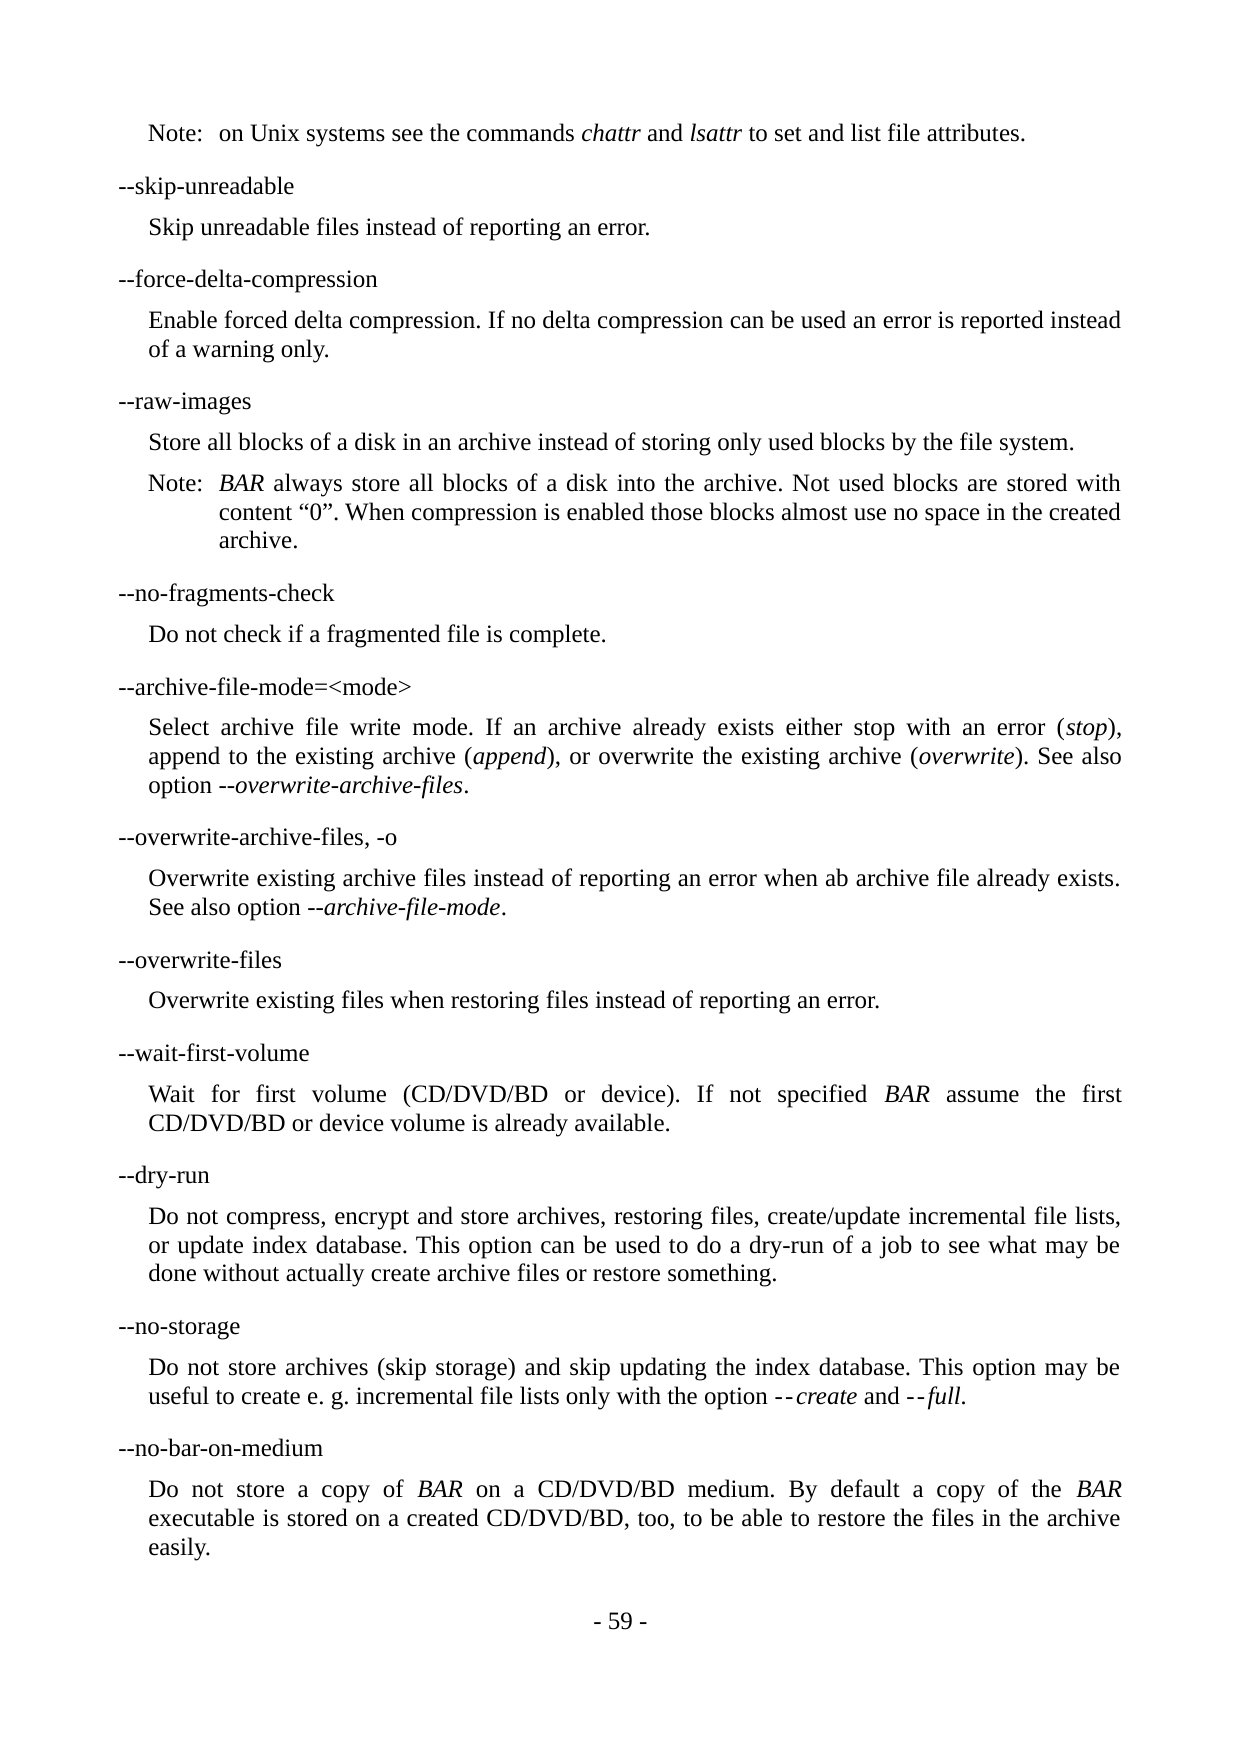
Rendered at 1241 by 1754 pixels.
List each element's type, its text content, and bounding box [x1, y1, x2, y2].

text Do not compress, encrypt and store archives, restoring files, create/update incremental file lists, or update index database. This option can be used to do a dry-run of a job to see what may be done without actually create archive files or restore something. [148, 1201, 1122, 1287]
title --no-bar-on-medium [118, 1433, 1122, 1462]
title --no-storage [118, 1311, 1122, 1340]
title --overwrite-archive-files, -o [118, 822, 1122, 851]
text Do not store a copy of BAR on a CD/DVD/BD medium. By default a copy of the BAR executable is stored on a created CD/DVD/BD, too, to be able to restore the files in the archive easily. [148, 1474, 1122, 1560]
text Overwrite existing archive files instead of reporting an error when ab archive file already exists. See also option --archive-file-mode. [148, 863, 1122, 921]
title --no-fragments-check [118, 578, 1122, 607]
text Skip unreadable files instead of reporting an error. [148, 212, 1122, 240]
text Select archive file write mode. If an archive already exists either stop with an error (stop), append to the existing archive (append), or overwrite the existing archive (overwrite). See also option --overwrite-archive-files. [148, 712, 1122, 798]
text Note: BAR always store all blocks of a disk into the archive. Not used blocks are stored with content “0”. When compression is enabled those blocks almost use no space in the created archive. [148, 468, 1122, 554]
title --archive-file-mode=<mode> [118, 672, 1122, 700]
title --overwrite-files [118, 945, 1122, 973]
text Do not check if a fragmented file is complete. [148, 619, 1122, 648]
text Note: on Unix systems see the commands chattr and lsattr to set and list file attributes. [148, 118, 1122, 147]
title --dry-run [118, 1160, 1122, 1189]
text Do not store archives (skip storage) and skip updating the index database. This option may be useful to create e. g. incremental file lists only with the option ‑‑create and ‑‑full. [148, 1352, 1122, 1409]
text Store all blocks of a disk in an archive instead of storing only used blocks by the file system. [148, 427, 1122, 456]
title --force-delta-compression [118, 264, 1122, 293]
text Wait for first volume (CD/DVD/BD or device). If not specified BAR assume the first CD/DVD/BD or device volume is already available. [148, 1079, 1122, 1136]
text Enable forced delta compression. If no delta compression can be used an error is reported instead of a warning only. [148, 305, 1122, 362]
title --skip-unreadable [118, 171, 1122, 199]
title --raw-images [118, 386, 1122, 415]
text Overwrite existing files when restoring files instead of reporting an error. [148, 985, 1122, 1014]
title --wait-first-volume [118, 1038, 1122, 1067]

────────────────

■ **EXERCISE BRIEF**
Nothing but the records, copied exactly and stripped of pictures, should be returned.

■ **WRITTEN ANSWER**
Rendered at 1241 by 1754 pixels.
List each element's type, its text content, and bounding box [x1, y1, x2, y2].

text Do not compress, encrypt and store archives, restoring files, create/update incremental file lists, or update index database. This option can be used to do a dry-run of a job to see what may be done without actually create archive files or restore something. [148, 1201, 1122, 1287]
title --no-bar-on-medium [118, 1433, 1122, 1462]
title --no-storage [118, 1311, 1122, 1340]
title --overwrite-archive-files, -o [118, 822, 1122, 851]
text Do not store a copy of BAR on a CD/DVD/BD medium. By default a copy of the BAR executable is stored on a created CD/DVD/BD, too, to be able to restore the files in the archive easily. [148, 1474, 1122, 1560]
text Overwrite existing archive files instead of reporting an error when ab archive file already exists. See also option --archive-file-mode. [148, 863, 1122, 921]
title --no-fragments-check [118, 578, 1122, 607]
text Skip unreadable files instead of reporting an error. [148, 212, 1122, 240]
text Select archive file write mode. If an archive already exists either stop with an error (stop), append to the existing archive (append), or overwrite the existing archive (overwrite). See also option --overwrite-archive-files. [148, 712, 1122, 798]
text Note: BAR always store all blocks of a disk into the archive. Not used blocks are stored with content “0”. When compression is enabled those blocks almost use no space in the created archive. [148, 468, 1122, 554]
title --archive-file-mode=<mode> [118, 672, 1122, 700]
title --overwrite-files [118, 945, 1122, 973]
text Do not check if a fragmented file is complete. [148, 619, 1122, 648]
text Note: on Unix systems see the commands chattr and lsattr to set and list file attributes. [148, 118, 1122, 147]
title --dry-run [118, 1160, 1122, 1189]
text Do not store archives (skip storage) and skip updating the index database. This option may be useful to create e. g. incremental file lists only with the option ‑‑create and ‑‑full. [148, 1352, 1122, 1409]
text Store all blocks of a disk in an archive instead of storing only used blocks by the file system. [148, 427, 1122, 456]
title --force-delta-compression [118, 264, 1122, 293]
text Wait for first volume (CD/DVD/BD or device). If not specified BAR assume the first CD/DVD/BD or device volume is already available. [148, 1079, 1122, 1136]
text Enable forced delta compression. If no delta compression can be used an error is reported instead of a warning only. [148, 305, 1122, 362]
title --skip-unreadable [118, 171, 1122, 199]
title --raw-images [118, 386, 1122, 415]
text Overwrite existing files when restoring files instead of reporting an error. [148, 985, 1122, 1014]
title --wait-first-volume [118, 1038, 1122, 1067]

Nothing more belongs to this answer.